- Problem: Search the listing below for lines that hold the word "radius", and report only how many there are.

- Excerpted records:
◇ ◇ ◇ ◇ ◇
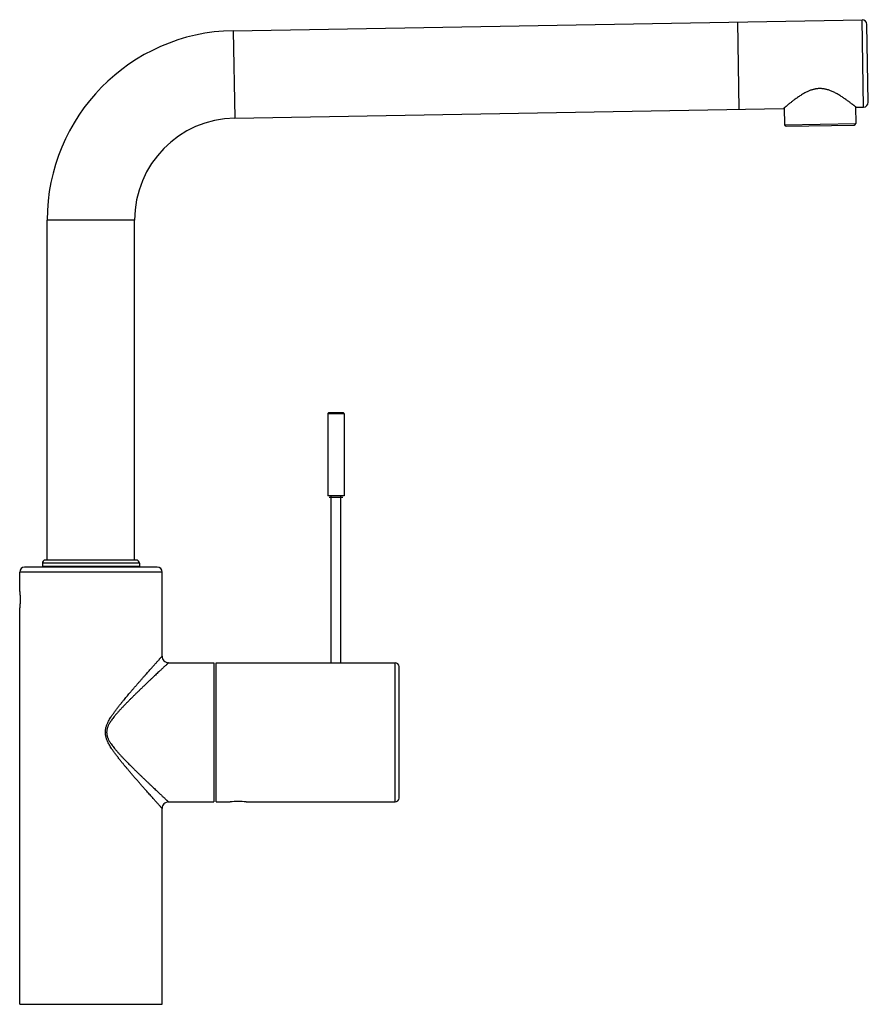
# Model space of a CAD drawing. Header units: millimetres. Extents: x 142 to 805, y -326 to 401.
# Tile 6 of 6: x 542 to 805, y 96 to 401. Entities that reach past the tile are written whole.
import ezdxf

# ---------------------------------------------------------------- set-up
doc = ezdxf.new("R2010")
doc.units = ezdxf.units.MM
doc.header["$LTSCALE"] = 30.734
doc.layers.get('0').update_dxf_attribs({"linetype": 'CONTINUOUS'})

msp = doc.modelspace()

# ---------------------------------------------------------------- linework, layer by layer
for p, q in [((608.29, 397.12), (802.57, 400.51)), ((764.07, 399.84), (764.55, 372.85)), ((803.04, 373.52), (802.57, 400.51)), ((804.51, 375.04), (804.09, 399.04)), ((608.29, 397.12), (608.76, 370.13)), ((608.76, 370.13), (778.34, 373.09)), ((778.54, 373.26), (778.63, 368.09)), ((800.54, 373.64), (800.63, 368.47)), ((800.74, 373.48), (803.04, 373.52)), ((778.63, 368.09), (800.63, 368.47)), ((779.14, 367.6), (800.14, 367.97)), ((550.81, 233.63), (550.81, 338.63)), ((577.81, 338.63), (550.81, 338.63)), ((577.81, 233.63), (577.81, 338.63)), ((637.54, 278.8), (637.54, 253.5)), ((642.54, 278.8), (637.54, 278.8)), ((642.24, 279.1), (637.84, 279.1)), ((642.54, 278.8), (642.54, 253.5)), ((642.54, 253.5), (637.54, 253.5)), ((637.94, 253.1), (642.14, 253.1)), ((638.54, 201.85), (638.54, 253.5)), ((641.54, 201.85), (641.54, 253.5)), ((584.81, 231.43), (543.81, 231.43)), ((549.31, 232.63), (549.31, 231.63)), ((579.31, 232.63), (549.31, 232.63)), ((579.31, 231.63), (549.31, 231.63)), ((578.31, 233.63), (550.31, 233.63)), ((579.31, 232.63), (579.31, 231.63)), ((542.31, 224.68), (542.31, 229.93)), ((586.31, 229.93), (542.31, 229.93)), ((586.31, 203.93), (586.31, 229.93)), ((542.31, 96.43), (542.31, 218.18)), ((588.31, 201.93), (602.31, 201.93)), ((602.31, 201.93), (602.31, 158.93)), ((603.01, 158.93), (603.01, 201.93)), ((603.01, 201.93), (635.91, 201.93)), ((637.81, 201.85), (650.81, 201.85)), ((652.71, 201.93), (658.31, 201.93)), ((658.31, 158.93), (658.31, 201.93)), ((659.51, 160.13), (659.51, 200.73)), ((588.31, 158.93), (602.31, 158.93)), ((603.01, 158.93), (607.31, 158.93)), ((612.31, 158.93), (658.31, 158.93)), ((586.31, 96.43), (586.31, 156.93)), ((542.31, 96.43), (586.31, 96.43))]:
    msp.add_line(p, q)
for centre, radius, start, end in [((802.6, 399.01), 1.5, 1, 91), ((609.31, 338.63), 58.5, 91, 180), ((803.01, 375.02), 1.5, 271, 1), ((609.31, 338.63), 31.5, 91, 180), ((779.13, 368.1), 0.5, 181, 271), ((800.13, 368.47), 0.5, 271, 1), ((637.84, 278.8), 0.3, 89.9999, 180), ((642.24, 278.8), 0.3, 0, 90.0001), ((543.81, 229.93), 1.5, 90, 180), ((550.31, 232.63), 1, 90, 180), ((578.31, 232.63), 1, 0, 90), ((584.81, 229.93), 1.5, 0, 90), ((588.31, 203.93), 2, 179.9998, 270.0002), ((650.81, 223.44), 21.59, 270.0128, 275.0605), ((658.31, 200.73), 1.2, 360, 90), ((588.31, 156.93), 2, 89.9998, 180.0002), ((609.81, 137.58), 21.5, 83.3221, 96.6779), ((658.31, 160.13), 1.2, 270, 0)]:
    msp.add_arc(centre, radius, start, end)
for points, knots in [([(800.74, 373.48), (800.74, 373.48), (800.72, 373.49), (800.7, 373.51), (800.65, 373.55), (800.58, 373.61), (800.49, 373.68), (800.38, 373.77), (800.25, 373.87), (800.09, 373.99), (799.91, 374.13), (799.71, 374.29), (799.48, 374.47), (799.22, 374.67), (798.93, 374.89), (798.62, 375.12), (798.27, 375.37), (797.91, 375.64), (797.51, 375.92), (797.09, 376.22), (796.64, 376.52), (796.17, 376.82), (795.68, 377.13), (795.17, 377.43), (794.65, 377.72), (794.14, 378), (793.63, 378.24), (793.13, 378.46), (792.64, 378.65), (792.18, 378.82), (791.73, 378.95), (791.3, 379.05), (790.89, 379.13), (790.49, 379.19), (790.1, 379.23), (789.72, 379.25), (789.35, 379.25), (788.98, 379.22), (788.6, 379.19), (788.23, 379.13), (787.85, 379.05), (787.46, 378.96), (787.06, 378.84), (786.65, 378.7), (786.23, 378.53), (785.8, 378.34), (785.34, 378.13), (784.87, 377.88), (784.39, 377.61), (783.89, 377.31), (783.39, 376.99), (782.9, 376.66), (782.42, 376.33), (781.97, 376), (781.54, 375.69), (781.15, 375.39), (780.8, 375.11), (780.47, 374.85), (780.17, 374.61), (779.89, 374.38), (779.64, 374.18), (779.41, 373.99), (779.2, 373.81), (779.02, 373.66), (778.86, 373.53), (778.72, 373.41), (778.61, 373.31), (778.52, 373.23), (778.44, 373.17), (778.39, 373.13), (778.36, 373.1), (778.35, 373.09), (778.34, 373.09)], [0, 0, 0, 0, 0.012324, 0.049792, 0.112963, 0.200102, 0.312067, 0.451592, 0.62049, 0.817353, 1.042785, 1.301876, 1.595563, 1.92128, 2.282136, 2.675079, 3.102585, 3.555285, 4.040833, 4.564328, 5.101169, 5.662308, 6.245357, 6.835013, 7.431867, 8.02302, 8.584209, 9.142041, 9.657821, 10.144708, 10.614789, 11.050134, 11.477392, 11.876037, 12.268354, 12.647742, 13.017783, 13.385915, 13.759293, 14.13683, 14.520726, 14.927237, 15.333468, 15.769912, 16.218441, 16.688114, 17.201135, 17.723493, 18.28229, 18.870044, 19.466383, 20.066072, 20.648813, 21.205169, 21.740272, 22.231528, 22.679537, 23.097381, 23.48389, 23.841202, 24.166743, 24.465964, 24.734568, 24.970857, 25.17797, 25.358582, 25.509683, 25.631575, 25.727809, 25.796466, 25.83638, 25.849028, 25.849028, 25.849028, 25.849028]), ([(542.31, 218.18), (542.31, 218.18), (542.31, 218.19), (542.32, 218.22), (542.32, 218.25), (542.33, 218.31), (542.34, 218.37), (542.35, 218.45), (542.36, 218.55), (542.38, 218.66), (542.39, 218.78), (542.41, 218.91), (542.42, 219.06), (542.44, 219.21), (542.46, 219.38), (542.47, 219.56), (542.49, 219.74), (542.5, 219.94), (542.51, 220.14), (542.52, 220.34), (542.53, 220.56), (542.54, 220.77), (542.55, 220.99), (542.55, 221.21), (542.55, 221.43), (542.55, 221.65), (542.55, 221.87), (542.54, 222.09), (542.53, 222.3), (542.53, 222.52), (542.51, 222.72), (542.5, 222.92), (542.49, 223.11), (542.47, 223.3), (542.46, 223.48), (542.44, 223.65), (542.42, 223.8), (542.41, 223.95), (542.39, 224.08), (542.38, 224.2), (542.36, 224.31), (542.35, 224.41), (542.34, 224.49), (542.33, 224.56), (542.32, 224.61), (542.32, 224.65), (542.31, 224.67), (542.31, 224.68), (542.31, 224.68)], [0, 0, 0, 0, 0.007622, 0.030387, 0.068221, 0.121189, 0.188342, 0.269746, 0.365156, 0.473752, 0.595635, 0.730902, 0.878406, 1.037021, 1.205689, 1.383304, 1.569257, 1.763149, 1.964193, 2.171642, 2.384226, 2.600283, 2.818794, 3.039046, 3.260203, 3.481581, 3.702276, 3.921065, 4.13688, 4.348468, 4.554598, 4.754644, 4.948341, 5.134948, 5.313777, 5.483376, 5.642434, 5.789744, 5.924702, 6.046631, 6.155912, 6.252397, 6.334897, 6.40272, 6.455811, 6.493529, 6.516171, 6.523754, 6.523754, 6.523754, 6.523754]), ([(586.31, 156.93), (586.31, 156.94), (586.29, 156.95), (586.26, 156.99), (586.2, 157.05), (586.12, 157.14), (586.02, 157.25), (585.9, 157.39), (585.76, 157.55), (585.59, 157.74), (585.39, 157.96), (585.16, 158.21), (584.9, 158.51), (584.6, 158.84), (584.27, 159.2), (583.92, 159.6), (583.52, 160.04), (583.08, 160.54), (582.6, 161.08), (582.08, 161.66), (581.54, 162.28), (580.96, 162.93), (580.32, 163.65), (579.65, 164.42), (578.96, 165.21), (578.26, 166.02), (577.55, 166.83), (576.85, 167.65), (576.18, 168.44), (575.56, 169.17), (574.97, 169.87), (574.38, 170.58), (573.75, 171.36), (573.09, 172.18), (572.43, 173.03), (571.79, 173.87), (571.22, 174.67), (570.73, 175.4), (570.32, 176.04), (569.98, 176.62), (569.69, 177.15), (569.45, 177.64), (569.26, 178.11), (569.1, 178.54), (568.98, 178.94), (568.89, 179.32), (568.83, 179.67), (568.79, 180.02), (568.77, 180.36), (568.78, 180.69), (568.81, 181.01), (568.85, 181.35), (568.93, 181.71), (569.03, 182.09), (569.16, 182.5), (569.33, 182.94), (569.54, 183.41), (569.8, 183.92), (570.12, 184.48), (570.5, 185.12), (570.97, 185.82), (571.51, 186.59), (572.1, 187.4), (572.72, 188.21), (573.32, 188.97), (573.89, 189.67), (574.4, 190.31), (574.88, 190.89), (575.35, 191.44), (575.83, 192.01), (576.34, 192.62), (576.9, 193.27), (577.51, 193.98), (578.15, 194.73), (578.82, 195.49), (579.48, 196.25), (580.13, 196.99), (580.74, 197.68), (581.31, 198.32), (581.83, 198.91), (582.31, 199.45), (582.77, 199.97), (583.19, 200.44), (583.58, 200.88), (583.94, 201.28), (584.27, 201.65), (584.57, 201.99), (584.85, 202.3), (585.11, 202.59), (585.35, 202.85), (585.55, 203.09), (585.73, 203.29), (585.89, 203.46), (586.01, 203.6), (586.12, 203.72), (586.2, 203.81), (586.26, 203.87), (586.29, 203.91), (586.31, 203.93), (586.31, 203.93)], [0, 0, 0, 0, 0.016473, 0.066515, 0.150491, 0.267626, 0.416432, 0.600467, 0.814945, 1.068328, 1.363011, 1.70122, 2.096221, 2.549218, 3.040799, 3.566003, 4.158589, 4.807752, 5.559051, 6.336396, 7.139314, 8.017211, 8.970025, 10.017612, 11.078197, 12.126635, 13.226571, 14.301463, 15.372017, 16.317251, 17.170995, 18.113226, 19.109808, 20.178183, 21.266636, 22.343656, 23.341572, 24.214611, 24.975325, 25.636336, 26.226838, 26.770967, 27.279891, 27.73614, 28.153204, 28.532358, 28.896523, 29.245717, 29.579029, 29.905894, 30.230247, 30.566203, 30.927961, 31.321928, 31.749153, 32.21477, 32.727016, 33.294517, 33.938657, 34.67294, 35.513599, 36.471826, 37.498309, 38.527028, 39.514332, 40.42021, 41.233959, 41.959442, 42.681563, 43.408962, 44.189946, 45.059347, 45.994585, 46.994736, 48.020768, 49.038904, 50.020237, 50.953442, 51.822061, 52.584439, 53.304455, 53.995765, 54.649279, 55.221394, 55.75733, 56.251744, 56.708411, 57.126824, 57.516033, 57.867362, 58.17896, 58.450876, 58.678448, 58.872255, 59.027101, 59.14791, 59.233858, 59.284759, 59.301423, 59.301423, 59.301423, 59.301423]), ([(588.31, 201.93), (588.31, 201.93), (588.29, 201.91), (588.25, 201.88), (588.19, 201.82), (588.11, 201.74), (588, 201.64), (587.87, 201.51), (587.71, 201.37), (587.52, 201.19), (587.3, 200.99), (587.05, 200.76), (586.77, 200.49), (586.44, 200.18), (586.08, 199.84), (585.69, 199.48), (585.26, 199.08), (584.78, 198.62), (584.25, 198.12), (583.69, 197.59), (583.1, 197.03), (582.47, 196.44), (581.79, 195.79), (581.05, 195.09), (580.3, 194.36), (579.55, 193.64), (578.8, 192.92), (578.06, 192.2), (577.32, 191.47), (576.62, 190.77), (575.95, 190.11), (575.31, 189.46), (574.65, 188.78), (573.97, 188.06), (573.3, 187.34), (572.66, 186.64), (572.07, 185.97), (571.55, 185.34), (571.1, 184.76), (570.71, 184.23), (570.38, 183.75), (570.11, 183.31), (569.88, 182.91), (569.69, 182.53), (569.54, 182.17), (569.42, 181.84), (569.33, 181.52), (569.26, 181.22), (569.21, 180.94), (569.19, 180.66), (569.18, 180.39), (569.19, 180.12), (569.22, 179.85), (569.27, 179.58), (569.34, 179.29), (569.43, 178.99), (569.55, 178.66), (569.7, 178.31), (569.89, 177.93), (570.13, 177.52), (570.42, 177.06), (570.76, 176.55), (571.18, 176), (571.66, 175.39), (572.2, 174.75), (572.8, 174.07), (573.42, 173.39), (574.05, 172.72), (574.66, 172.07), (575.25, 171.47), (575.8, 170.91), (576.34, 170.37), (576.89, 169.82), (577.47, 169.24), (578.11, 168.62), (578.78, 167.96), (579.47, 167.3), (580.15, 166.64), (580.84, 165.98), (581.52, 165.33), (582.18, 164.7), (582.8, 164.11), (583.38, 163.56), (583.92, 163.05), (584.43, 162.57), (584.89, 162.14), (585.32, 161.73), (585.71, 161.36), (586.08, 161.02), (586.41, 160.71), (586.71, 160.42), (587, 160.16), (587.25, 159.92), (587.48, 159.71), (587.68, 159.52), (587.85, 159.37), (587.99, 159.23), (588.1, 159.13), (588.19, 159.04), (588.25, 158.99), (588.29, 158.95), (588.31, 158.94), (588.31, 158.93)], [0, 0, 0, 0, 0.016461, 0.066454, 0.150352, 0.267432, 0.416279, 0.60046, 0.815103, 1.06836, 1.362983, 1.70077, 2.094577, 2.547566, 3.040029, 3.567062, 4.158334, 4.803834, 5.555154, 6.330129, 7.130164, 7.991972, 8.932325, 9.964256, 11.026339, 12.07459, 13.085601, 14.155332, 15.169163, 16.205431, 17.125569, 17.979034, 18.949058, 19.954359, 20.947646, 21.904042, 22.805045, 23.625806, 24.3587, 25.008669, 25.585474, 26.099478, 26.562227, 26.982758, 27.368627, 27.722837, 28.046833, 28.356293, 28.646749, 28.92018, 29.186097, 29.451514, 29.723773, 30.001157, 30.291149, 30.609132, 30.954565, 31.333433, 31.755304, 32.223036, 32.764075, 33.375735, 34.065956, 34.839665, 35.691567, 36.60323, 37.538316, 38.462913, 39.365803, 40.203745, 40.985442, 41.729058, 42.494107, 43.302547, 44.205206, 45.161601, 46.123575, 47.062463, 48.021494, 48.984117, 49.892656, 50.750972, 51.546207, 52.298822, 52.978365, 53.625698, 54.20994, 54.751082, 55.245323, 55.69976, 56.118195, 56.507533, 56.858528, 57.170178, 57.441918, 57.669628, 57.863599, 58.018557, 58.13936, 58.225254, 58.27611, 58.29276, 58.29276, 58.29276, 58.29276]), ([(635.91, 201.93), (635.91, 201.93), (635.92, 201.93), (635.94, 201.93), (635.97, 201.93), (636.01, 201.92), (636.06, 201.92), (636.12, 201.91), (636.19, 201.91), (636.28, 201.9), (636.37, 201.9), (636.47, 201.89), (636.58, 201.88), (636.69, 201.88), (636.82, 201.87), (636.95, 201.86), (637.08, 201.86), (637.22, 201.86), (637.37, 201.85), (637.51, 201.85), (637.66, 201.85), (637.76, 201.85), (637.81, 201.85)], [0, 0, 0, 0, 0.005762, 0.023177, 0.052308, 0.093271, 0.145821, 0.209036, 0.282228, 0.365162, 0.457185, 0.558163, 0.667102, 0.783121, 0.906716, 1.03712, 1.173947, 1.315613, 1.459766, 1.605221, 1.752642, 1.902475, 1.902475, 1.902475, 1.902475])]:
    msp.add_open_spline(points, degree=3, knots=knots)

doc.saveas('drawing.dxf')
◇ ◇ ◇ ◇ ◇
- Output for this exercise: 2